Central banks urged to brace for global financial risks – BSP


Global financial markets are not currently experiencing unusual
volatility, but central banks, including the Bangko Sentral ng Pilipinas (BSP), must carefully monitor risks that may come from their own markets and be prepared to respond, including raising interest rates if necessary, BSP Governor Amando Tetangco Jr. said.

“The risks are out there and internal banking has to be watched carefully for signs these risks may have an effect,” Tetangco said, citing underlying issues such as the monetary policy approaches of advanced economies and developments in broad sectors such as real estate as examples.

Tetangco made the comments on the sidelines of induction ceremonies for the new officers of the Rural Banking Association of the Philippines on Tuesday.

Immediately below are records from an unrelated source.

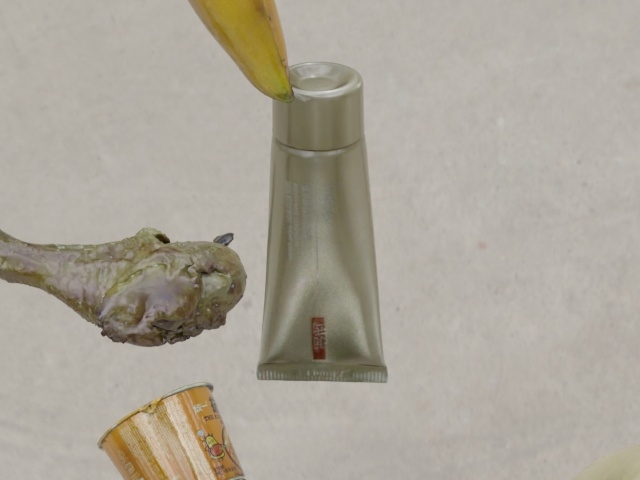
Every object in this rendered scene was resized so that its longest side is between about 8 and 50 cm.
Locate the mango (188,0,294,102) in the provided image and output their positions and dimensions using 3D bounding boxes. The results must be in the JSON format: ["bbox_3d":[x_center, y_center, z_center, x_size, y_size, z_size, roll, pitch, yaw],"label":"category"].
[{"bbox_3d":[-0.067,-0.189,0.867,0.066,0.187,0.101,-26,26,1],"label":"mango"}]

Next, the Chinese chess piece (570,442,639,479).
[{"bbox_3d":[0.284,0.285,0.861,0.112,0.270,0.270,-23,55,-26],"label":"Chinese chess piece"}]

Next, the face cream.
[{"bbox_3d":[0.000,0.000,1.093,0.137,0.341,0.084,0,31,2],"label":"face cream"}]

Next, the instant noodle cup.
[{"bbox_3d":[-0.233,0.357,1.854,0.216,0.215,0.172,-28,72,-10],"label":"instant noodle cup"}]

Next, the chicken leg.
[{"bbox_3d":[-0.268,0.056,1.388,0.361,0.140,0.211,2,21,-16],"label":"chicken leg"}]
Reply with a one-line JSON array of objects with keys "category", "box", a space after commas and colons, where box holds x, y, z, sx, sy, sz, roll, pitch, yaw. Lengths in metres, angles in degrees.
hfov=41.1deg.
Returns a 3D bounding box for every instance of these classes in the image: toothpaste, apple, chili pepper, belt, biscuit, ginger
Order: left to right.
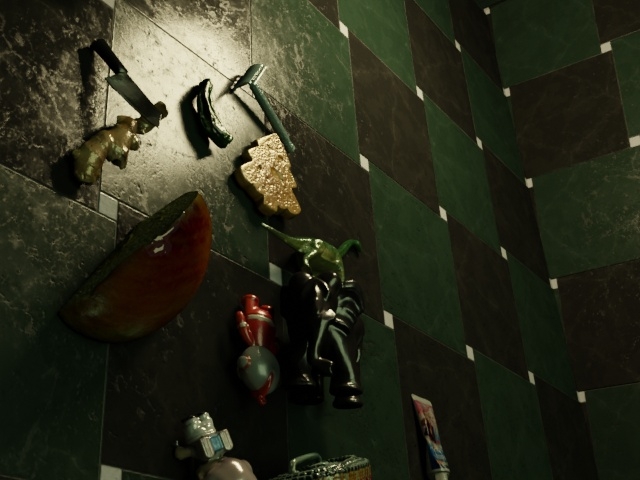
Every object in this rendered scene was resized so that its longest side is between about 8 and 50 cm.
[{"category": "ginger", "box": [-0.378, -0.191, 1.628, 0.089, 0.075, 0.288, 49, 37, -8]}, {"category": "apple", "box": [-0.300, 0.047, 1.516, 0.346, 0.179, 0.254, -57, 158, -55]}, {"category": "chili pepper", "box": [-0.249, -0.293, 1.928, 0.073, 0.050, 0.182, 4, 65, -50]}, {"category": "biscuit", "box": [-0.126, -0.160, 2.051, 0.212, 0.041, 0.239, 34, 44, -36]}, {"category": "belt", "box": [0.001, 0.492, 1.655, 0.295, 0.206, 0.161, 7, 67, -59]}, {"category": "toothpaste", "box": [0.295, 0.539, 2.268, 0.096, 0.061, 0.266, 31, 39, -45]}]

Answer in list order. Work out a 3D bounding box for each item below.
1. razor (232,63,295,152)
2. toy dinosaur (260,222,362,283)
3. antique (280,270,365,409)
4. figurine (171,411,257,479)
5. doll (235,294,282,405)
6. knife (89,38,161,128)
[{"category": "razor", "box": [-0.130, -0.318, 2.141, 0.232, 0.068, 0.106, 60, 31, -26]}, {"category": "toy dinosaur", "box": [0.000, 0.000, 2.104, 0.447, 0.087, 0.301, 49, 35, -41]}, {"category": "antique", "box": [0.005, 0.215, 1.842, 0.322, 0.185, 0.255, 70, 20, -68]}, {"category": "figurine", "box": [-0.180, 0.414, 1.519, 0.137, 0.112, 0.229, -3, 64, -54]}, {"category": "doll", "box": [-0.126, 0.229, 1.758, 0.142, 0.076, 0.245, 36, 38, -41]}, {"category": "knife", "box": [-0.383, -0.303, 1.667, 0.230, 0.028, 0.060, 50, 43, 9]}]
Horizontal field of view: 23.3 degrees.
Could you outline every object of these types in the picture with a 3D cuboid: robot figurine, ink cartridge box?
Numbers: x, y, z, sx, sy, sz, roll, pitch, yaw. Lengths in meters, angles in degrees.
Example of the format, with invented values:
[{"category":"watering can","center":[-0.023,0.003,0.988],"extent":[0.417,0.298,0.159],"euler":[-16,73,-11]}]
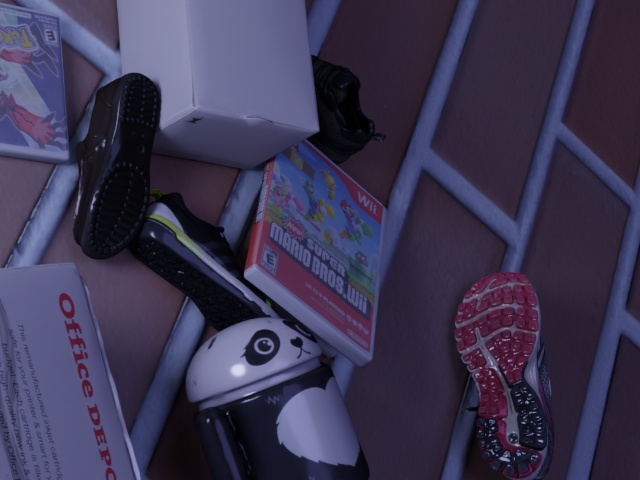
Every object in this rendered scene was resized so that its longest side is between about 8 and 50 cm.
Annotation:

Having just returned from the Annual General Meeting of the Bank of International Settlements (BIS) held in Switzerland on June 28, Tetangco said that participants at the BIS meeting agreed there is low volatility in financial markets from a global perspective, but that the current condition is probably not totally consistent with underlying issues in individual domestic financial markets.

Growing call for rate hike
There is a growing call for central banks to start raising interest rates to maintain more durable growth trajectories, Tetangco said.

“This assessment [of interest rates]has to be processed in the context of our own situation and be part of overall surveillance of developments that can impact our markets,” Tetangco explained. “In the Philippines, we will continue to monitor and be ready to act as may be needed to deal with a change in investor sentiment,” he added.

Last month, the BSP’s Monetary Board defied the expectations of most analysts by keeping its key rates unchanged despite a 4.5 percent inflation rate in May, the highest monthly inflation print since November 2011.

Tentative calm
Tetangco seemed to signal, however, that interest rate hikes or other strong central bank action should not be expected in the near future, pointing out that growth in the Philippine economy still looks to have been sustained, although at a slower pace in the first quarter of the year.

“The financial markets are generally calm. There were some outflows in the early part of the year in reaction to ‘taper tantrum’ but that basically serves as a correction in the different financial markets—equity and bonds—in the country,” he said, referring to the ongoing reduction, or “tapering,” of the US Federal Reserve’s monetary stimulus program.

Otherwise, the BSP governor said, positive capital flows are returning to the Philippines and other emerging markets. “One reason for this is that there’s less macroeconomic uncertainty and projections of growth are still positive, leading to positive perceptions among global investors,” Tetangco added.